EDITOR’S COLUMN | Confessions from a bunny killer

I ran over a rabbit on the way to work this week. Hitting wildlife seems to be a rite of passage for Whidbey Islanders, but I still feel like scum. It wasn’t a deer, but why couldn’t it have been a caterpillar?

I ran over a rabbit on the way to work this week.

Hitting wildlife seems to be a rite of passage for Whidbey Islanders, but I still feel like scum. It wasn’t a deer, but why couldn’t it have been a caterpillar?

Looking in my rearview mirror at the indistinct lump in the roadway, I steeled myself for the  grizzly task of moving my poor victim out of the street. I’ll spare you the details, but it turns out my conscience may be clear as I now strongly suspect it was killed earlier that morning by another motorist.

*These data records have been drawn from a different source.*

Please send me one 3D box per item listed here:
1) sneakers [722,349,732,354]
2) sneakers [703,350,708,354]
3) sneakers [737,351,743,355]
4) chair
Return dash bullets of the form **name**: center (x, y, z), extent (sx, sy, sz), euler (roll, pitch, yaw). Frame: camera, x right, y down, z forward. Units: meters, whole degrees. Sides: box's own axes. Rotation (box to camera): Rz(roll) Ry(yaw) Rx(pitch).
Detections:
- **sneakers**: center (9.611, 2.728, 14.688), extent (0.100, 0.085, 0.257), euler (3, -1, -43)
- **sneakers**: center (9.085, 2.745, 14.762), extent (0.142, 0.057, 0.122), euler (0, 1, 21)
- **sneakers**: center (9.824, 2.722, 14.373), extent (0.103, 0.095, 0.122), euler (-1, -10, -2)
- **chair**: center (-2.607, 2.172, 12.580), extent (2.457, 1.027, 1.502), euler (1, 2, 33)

Standing under the summer sun, I rejoiced that I wasn’t the murderer after all, just a donkey who ran over a corpse. My guilt began to evaporate, being replaced with self-righteous relief, but it didn’t last. Driving the rest of the way to work, I knew I bore responsibility. Whether the rabbit died by my hand or not, the fact is I didn’t see it until it was too late. I could have driven slower, made sure all the fog was off my windshield before leaving the driveway, or simply been watching more carefully.

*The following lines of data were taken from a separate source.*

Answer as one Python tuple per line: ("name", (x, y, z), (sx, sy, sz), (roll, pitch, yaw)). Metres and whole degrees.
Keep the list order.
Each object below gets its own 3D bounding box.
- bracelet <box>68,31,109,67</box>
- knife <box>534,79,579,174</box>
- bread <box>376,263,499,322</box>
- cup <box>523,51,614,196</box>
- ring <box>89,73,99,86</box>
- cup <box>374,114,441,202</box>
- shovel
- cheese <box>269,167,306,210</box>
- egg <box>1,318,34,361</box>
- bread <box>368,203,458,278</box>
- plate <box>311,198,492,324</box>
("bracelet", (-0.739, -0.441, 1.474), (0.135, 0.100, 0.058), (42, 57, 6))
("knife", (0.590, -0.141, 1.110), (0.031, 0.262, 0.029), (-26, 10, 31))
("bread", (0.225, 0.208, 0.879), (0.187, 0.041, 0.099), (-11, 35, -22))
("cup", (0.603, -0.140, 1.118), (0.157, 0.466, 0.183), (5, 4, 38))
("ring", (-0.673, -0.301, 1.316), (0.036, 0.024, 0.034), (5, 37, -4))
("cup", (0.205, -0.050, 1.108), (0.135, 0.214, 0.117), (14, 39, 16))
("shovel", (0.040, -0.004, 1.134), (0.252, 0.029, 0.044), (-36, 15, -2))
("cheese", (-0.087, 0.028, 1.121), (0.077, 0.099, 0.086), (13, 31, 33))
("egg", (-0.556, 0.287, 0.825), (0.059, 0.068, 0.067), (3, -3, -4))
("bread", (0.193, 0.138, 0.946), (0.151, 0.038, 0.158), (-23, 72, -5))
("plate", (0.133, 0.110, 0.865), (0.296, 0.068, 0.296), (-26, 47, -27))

The point is some mistakes simply can’t be taken back, and on the eve of graduation night my hope is that this little confession, that I am a bunny killer, reaches the class of 2014. Automobiles are dangerous, and combined with drugs or alcohol they’re just plain deadly.

According to the National Highway Traffic Safety Administration, more than 10,000 people died in alcohol-impaired driving crashes in 2012 — that’s one person every 51 minutes, or to put it in Whidbey terms, about half the population of Oak Harbor.

Such statistics seem distant, a thing that happens in other communities and could never touch our fuzzy and happy community. Sadly, our very own horror stories remind us that is not so.

The gravity and finality of this lesson hit home for me during my junior year of high school. I told a classmate that he’d better ease up with the partying because, blah, blah, blah. It was a joke, but there was no last laugh for either of us. A few days later he was dead, squashed under a rolled jeep that was traveling too fast down a mountain road after a late-night shindig. The driver was, of course, drunk.

People do die, it really does happen.

Graduation is a momentous occasion, a day that will likely stay with you forever. Don’t mar it with the wrong memories. Make the right choice and drive safely.